WORK INSTRUCTION: Repeat the lines of the data that follow, please, starting at the first and stopping after the one with "4) person <box>850,593,869,648</box>".

MATERIAL FOR THIS EXERCISE:
● ● ●

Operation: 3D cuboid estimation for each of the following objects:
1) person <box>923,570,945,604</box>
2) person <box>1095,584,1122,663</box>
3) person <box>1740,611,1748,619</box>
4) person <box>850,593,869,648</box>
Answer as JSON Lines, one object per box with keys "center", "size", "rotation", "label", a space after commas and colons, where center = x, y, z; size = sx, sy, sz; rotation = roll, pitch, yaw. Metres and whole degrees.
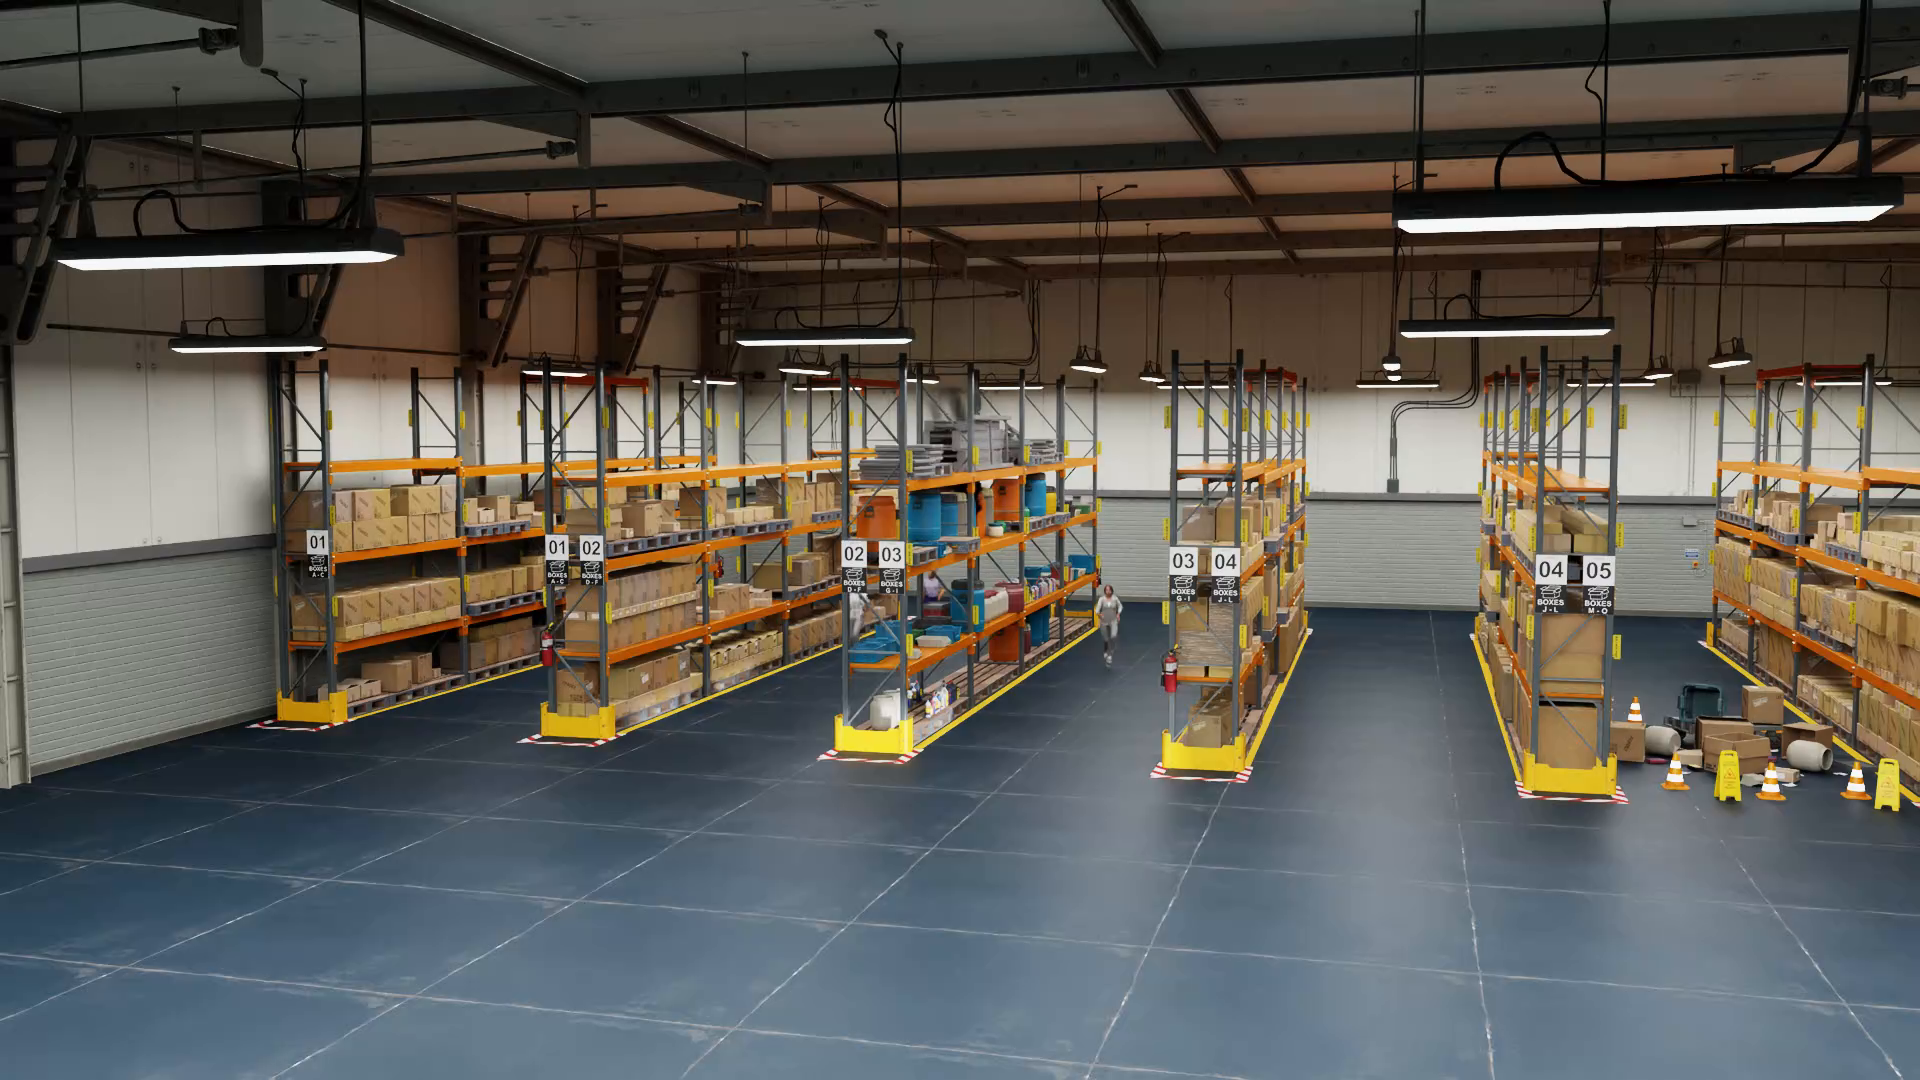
{"center": [-0.654, 1.444, 38.468], "size": [0.599, 1.582, 0.559], "rotation": [0, 4, 1], "label": "person"}
{"center": [2.938, 1.648, 32.870], "size": [0.539, 1.551, 0.833], "rotation": [0, 4, 4], "label": "person"}
{"center": [18.018, 1.424, 37.799], "size": [0.716, 1.719, 0.523], "rotation": [-3, 5, -34], "label": "person"}
{"center": [-2.124, 1.562, 33.880], "size": [0.563, 1.647, 0.618], "rotation": [0, 4, 5], "label": "person"}
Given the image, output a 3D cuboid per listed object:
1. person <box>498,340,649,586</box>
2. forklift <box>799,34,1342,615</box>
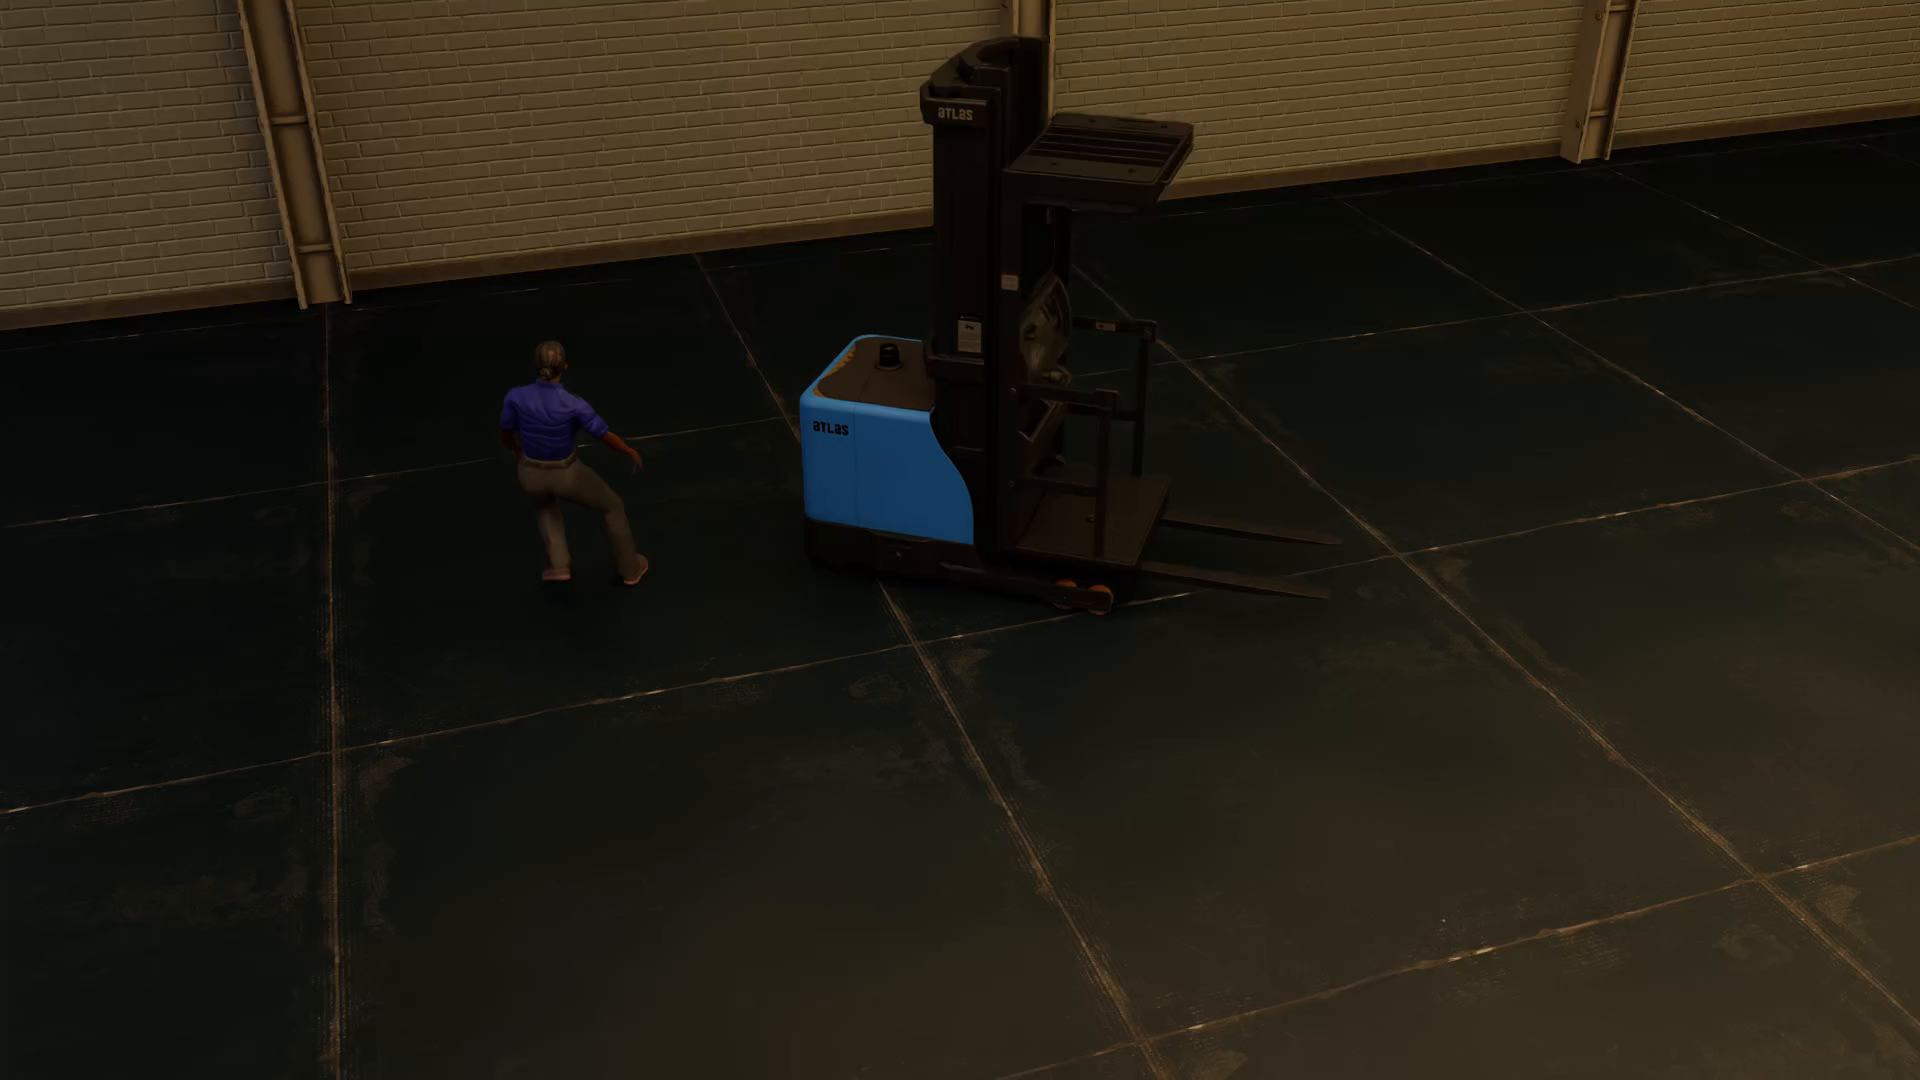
[{"bbox_3d":[-2.142,-0.428,9.197,0.700,1.559,0.547,2,30,4],"label":"person"},{"bbox_3d":[0.659,-1.148,9.083,3.031,2.935,1.130,9,31,15],"label":"forklift"}]
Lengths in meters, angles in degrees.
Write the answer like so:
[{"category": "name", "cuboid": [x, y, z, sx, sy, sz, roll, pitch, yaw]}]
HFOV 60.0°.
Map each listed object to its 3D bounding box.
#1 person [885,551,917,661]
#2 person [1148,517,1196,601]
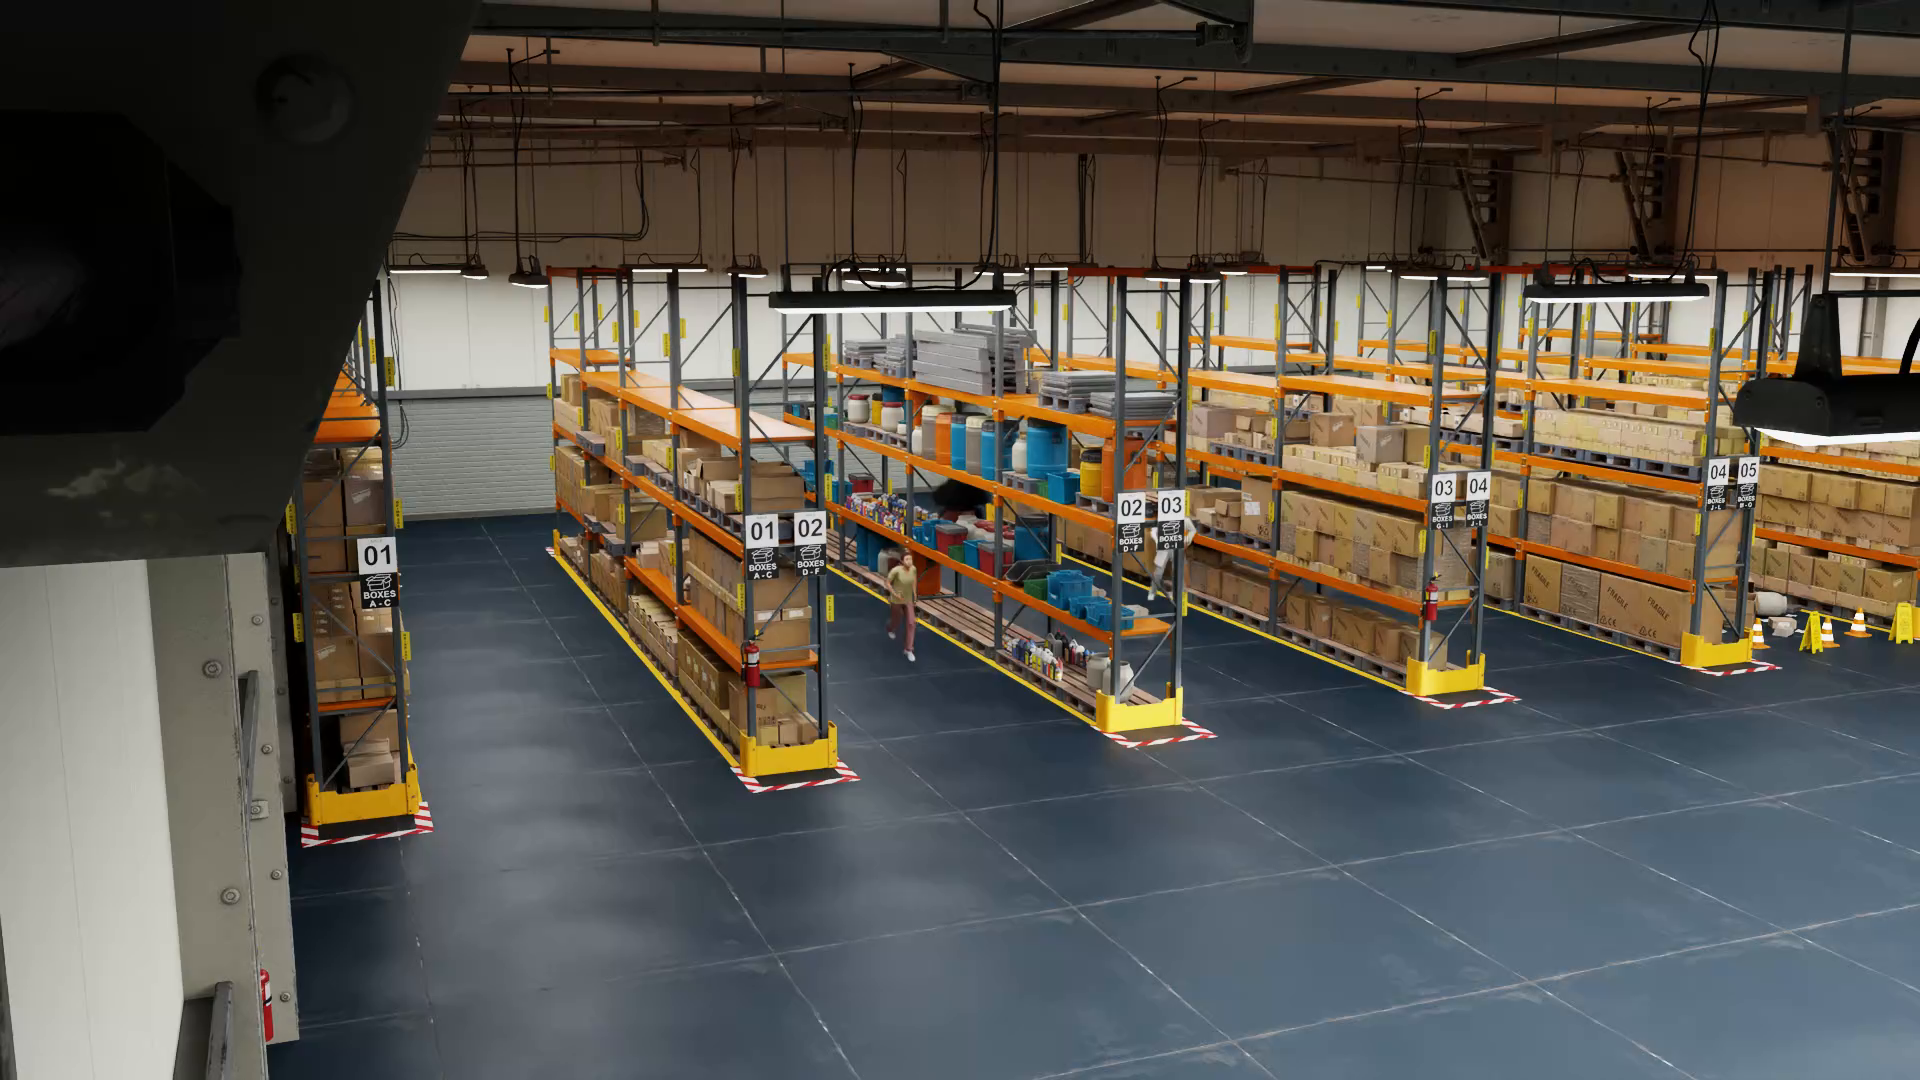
[{"category": "person", "cuboid": [-0.917, 0.972, 25.887, 0.579, 1.660, 1.060, -4, 11, -24]}, {"category": "person", "cuboid": [3.694, 0.268, 28.872, 0.821, 1.663, 0.704, 0, 10, -3]}]

● ● ●

RESULT:
Operation: 3D cuboid estimation for each of the following objects:
1) person <box>923,570,945,604</box>
2) person <box>1095,584,1122,663</box>
3) person <box>1740,611,1748,619</box>
4) person <box>850,593,869,648</box>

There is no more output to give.